- _TASK STATEMENT_
Each line of the records below needs repeating exactly. Skip the pictures.

*** EXTRACTED INFORMATION Section Begins ***

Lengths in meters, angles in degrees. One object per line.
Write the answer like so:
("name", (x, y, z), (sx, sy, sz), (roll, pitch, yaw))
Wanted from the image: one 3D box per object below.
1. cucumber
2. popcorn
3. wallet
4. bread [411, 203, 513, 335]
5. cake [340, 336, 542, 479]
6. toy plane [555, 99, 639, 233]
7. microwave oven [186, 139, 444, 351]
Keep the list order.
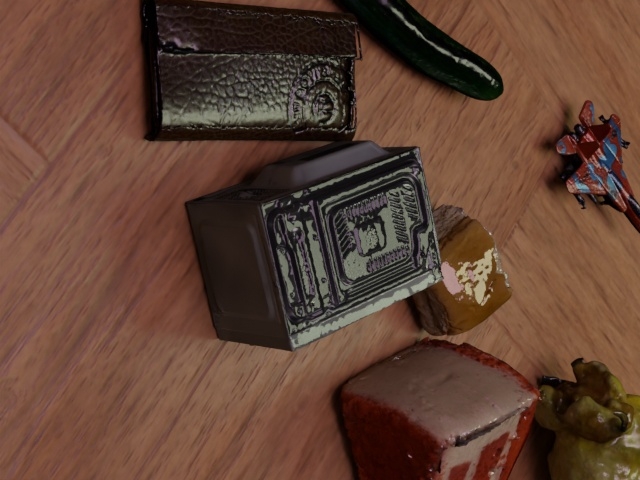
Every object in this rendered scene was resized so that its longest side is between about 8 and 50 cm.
("cucumber", (0.092, -0.218, 1.400), (0.284, 0.056, 0.056), (31, 72, -33))
("popcorn", (0.344, 0.233, 1.565), (0.168, 0.173, 0.195), (-17, 114, 4))
("wallet", (-0.059, -0.159, 1.278), (0.243, 0.039, 0.132), (-2, 94, -41))
("bread", (0.145, 0.037, 1.436), (0.106, 0.082, 0.125), (-45, 122, -38))
("cake", (0.099, 0.233, 1.427), (0.158, 0.160, 0.262), (-21, 140, -39))
("toy plane", (0.345, -0.072, 1.623), (0.130, 0.061, 0.189), (-53, 127, -27))
("microwave oven", (0.000, 0.000, 1.281), (0.208, 0.122, 0.162), (-23, 107, -38))
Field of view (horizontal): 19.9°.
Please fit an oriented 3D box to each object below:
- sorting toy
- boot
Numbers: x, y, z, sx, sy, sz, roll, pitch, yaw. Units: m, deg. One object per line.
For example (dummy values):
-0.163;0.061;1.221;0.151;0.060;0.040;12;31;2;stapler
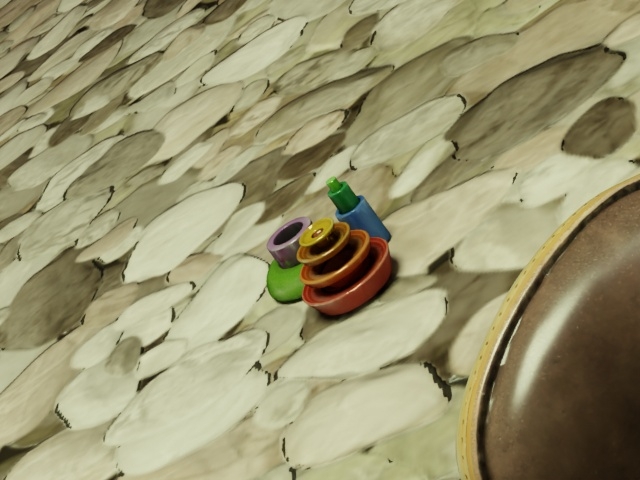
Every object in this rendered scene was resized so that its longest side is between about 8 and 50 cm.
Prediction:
0.000;0.000;0.887;0.061;0.042;0.102;-42;23;-14;sorting toy
0.174;0.014;0.546;0.248;0.090;0.207;-39;20;-17;boot
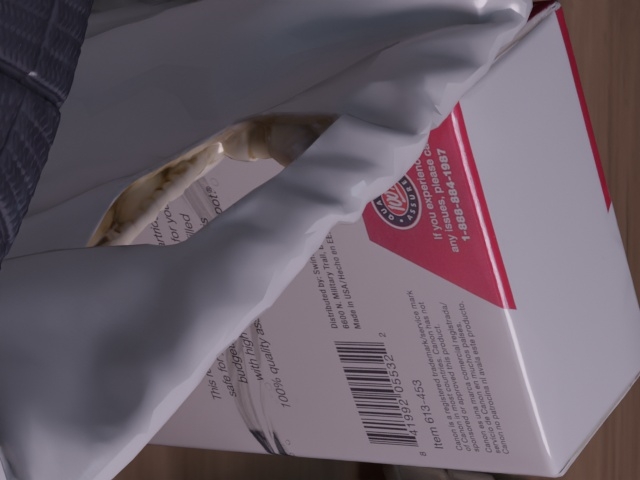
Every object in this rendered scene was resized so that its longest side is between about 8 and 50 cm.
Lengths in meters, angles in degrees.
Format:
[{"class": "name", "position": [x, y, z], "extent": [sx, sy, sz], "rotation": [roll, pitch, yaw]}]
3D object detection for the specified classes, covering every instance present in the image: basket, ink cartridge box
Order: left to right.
[{"class": "basket", "position": [-0.147, -0.128, 0.629], "extent": [0.328, 0.266, 0.331], "rotation": [-48, 125, -39]}, {"class": "ink cartridge box", "position": [0.000, 0.000, 0.840], "extent": [0.100, 0.237, 0.172], "rotation": [-42, 122, -45]}]

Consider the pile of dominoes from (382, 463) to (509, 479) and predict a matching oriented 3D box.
[{"class": "pile of dominoes", "position": [0.117, 0.232, 1.109], "extent": [0.251, 0.040, 0.196], "rotation": [21, 47, -53]}]

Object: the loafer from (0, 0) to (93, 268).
[{"class": "loafer", "position": [-0.093, -0.126, 0.439], "extent": [0.109, 0.095, 0.302], "rotation": [27, 74, -80]}]
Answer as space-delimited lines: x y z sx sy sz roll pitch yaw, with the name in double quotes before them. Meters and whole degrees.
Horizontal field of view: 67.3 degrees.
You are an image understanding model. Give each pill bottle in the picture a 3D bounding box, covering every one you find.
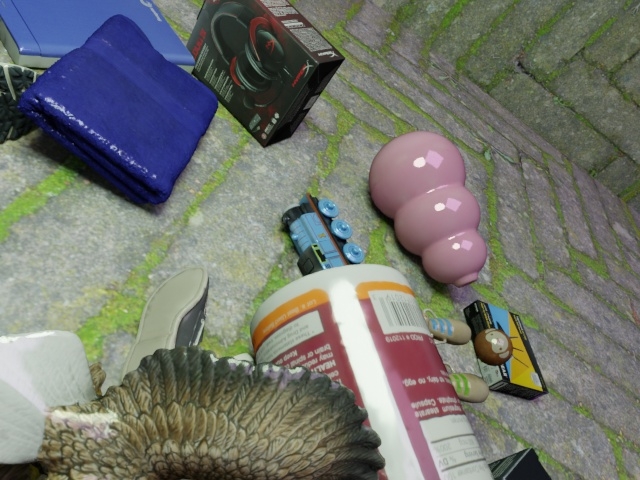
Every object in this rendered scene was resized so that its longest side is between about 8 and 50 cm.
"pill bottle" 0.064 0.244 0.544 0.224 0.224 0.392 8 50 -35

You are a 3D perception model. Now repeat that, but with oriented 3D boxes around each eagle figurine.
"eagle figurine" -0.120 0.194 0.377 0.298 0.226 0.225 15 10 24

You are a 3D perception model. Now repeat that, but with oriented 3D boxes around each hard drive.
"hard drive" -0.417 -0.393 0.878 0.319 0.040 0.210 -19 67 -48

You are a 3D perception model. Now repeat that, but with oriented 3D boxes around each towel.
"towel" -0.295 -0.209 0.760 0.228 0.076 0.308 39 34 -25

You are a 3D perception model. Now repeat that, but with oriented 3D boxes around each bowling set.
"bowling set" 0.166 0.170 0.729 0.154 0.200 0.287 16 41 -27

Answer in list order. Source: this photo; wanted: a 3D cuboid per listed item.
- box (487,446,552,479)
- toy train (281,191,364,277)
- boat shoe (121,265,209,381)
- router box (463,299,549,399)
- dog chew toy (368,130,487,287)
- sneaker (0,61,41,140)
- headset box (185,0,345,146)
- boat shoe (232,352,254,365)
"box" 0.241 0.380 0.616 0.093 0.158 0.156 -10 61 -45
"toy train" 0.000 0.000 0.836 0.105 0.080 0.184 -9 61 -38
"boat shoe" -0.183 0.115 0.604 0.206 0.075 0.064 -82 159 -52
"router box" 0.369 0.218 0.966 0.133 0.046 0.178 20 43 -25
"dog chew toy" 0.234 -0.061 1.001 0.207 0.207 0.331 -5 65 -43
"sneaker" -0.481 -0.189 0.586 0.122 0.110 0.283 37 33 13
"headset box" -0.132 -0.372 0.958 0.293 0.218 0.110 47 39 5
"boat shoe" -0.132 0.198 0.541 0.063 0.066 0.184 42 37 14
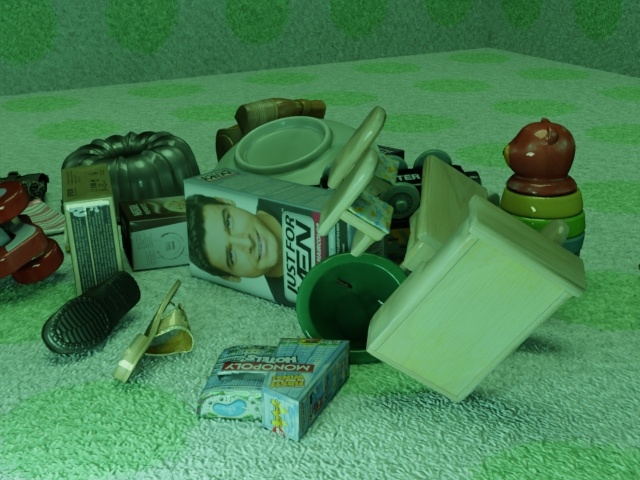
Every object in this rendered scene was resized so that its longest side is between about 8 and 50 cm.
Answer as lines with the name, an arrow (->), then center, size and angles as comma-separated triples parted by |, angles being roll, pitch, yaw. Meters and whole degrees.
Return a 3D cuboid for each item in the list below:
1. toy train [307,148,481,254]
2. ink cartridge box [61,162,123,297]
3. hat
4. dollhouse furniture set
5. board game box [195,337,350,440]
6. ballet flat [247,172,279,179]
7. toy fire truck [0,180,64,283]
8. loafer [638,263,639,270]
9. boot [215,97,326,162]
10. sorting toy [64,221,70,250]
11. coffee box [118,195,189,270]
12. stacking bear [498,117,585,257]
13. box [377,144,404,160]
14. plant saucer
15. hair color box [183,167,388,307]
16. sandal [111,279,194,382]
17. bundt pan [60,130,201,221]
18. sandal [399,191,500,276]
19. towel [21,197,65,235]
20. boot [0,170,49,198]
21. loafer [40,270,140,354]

*** EXTRACTED INFORMATION Section Ends ***

- _ANSWER BOX_
Lengths in meters, angles in degrees. One object per line.
Write the answer like so:
("name", (x, y, z), (sx, sy, sz), (roll, pitch, yaw))
Wanted from the image: one 3D box per object below.
1. cucumber
2. popcorn
3. wallet
4. bread [411, 203, 513, 335]
5. cake [340, 336, 542, 479]
6. toy plane [555, 99, 639, 233]
7. microwave oven [186, 139, 444, 351]
Keep the list order.
Every object in this rendered scene was resized so that its longest side is between about 8 and 50 cm.
("cucumber", (0.092, -0.218, 1.400), (0.284, 0.056, 0.056), (31, 72, -33))
("popcorn", (0.344, 0.233, 1.565), (0.168, 0.173, 0.195), (-17, 114, 4))
("wallet", (-0.059, -0.159, 1.278), (0.243, 0.039, 0.132), (-2, 94, -41))
("bread", (0.145, 0.037, 1.436), (0.106, 0.082, 0.125), (-45, 122, -38))
("cake", (0.099, 0.233, 1.427), (0.158, 0.160, 0.262), (-21, 140, -39))
("toy plane", (0.345, -0.072, 1.623), (0.130, 0.061, 0.189), (-53, 127, -27))
("microwave oven", (0.000, 0.000, 1.281), (0.208, 0.122, 0.162), (-23, 107, -38))
Field of view (horizontal): 19.9°.
Please fit an oriented 3D box to each object below:
- sorting toy
- boot
Numbers: x, y, z, sx, sy, sz, roll, pitch, yaw. Units: m, deg. One object per line.
For example (dummy values):
-0.163;0.061;1.221;0.151;0.060;0.040;12;31;2;stapler
Every object in this rendered scene was resized so that its longest side is between about 8 and 50 cm.
Prediction:
0.000;0.000;0.887;0.061;0.042;0.102;-42;23;-14;sorting toy
0.174;0.014;0.546;0.248;0.090;0.207;-39;20;-17;boot
Every object in this rendered scene was resized so that its longest side is between about 8 and 50 cm.
Lengths in meters, angles in degrees.
Format:
[{"class": "name", "position": [x, y, z], "extent": [sx, sy, sz], "rotation": [roll, pitch, yaw]}]
3D object detection for the specified classes, covering every instance present in the image: basket, ink cartridge box
Order: left to right.
[{"class": "basket", "position": [-0.147, -0.128, 0.629], "extent": [0.328, 0.266, 0.331], "rotation": [-48, 125, -39]}, {"class": "ink cartridge box", "position": [0.000, 0.000, 0.840], "extent": [0.100, 0.237, 0.172], "rotation": [-42, 122, -45]}]

Consider the pile of dominoes from (382, 463) to (509, 479) and predict a matching oriented 3D box.
[{"class": "pile of dominoes", "position": [0.117, 0.232, 1.109], "extent": [0.251, 0.040, 0.196], "rotation": [21, 47, -53]}]

Object: the loafer from (0, 0) to (93, 268).
[{"class": "loafer", "position": [-0.093, -0.126, 0.439], "extent": [0.109, 0.095, 0.302], "rotation": [27, 74, -80]}]
Answer as space-delimited lines: x y z sx sy sz roll pitch yaw, with the name in double quotes before them. Meters and whole degrees.
Horizontal field of view: 67.3 degrees.
You are an image understanding model. Give each pill bottle in the picture a 3D bounding box, covering every one you find.
Every object in this rendered scene was resized so that its longest side is between about 8 and 50 cm.
"pill bottle" 0.064 0.244 0.544 0.224 0.224 0.392 8 50 -35

You are a 3D perception model. Now repeat that, but with oriented 3D boxes around each eagle figurine.
"eagle figurine" -0.120 0.194 0.377 0.298 0.226 0.225 15 10 24

You are a 3D perception model. Now repeat that, but with oriented 3D boxes around each hard drive.
"hard drive" -0.417 -0.393 0.878 0.319 0.040 0.210 -19 67 -48

You are a 3D perception model. Now repeat that, but with oriented 3D boxes around each towel.
"towel" -0.295 -0.209 0.760 0.228 0.076 0.308 39 34 -25

You are a 3D perception model. Now repeat that, but with oriented 3D boxes around each bowling set.
"bowling set" 0.166 0.170 0.729 0.154 0.200 0.287 16 41 -27

Answer in list order. Source: this photo; wanted: a 3D cuboid per listed item.
- box (487,446,552,479)
- toy train (281,191,364,277)
- boat shoe (121,265,209,381)
- router box (463,299,549,399)
- dog chew toy (368,130,487,287)
- sneaker (0,61,41,140)
- headset box (185,0,345,146)
- boat shoe (232,352,254,365)
"box" 0.241 0.380 0.616 0.093 0.158 0.156 -10 61 -45
"toy train" 0.000 0.000 0.836 0.105 0.080 0.184 -9 61 -38
"boat shoe" -0.183 0.115 0.604 0.206 0.075 0.064 -82 159 -52
"router box" 0.369 0.218 0.966 0.133 0.046 0.178 20 43 -25
"dog chew toy" 0.234 -0.061 1.001 0.207 0.207 0.331 -5 65 -43
"sneaker" -0.481 -0.189 0.586 0.122 0.110 0.283 37 33 13
"headset box" -0.132 -0.372 0.958 0.293 0.218 0.110 47 39 5
"boat shoe" -0.132 0.198 0.541 0.063 0.066 0.184 42 37 14
Every object in this rendered scene was resized so that its longest side is between about 8 and 50 cm.
Answer as lines with the name, an arrow (->), then center, size and angles as comma-separated triples parted by |, angles being roll, pitch, yaw. Meters and whole degrees.
Return a 3D cuboid for each item in the list below:
1. toy train [307,148,481,254]
2. ink cartridge box [61,162,123,297]
3. hat
4. dollhouse furniture set
5. board game box [195,337,350,440]
6. ballet flat [247,172,279,179]
7. toy fire truck [0,180,64,283]
8. loafer [638,263,639,270]
9. boot [215,97,326,162]
10. sorting toy [64,221,70,250]
11. coffee box [118,195,189,270]
12. stacking bear [498,117,585,257]
13. box [377,144,404,160]
14. plant saucer
15. hair color box [183,167,388,307]
16. sandal [111,279,194,382]
17. bundt pan [60,130,201,221]
18. sandal [399,191,500,276]
19. towel [21,197,65,235]
20. boot [0,170,49,198]
21. loafer [40,270,140,354]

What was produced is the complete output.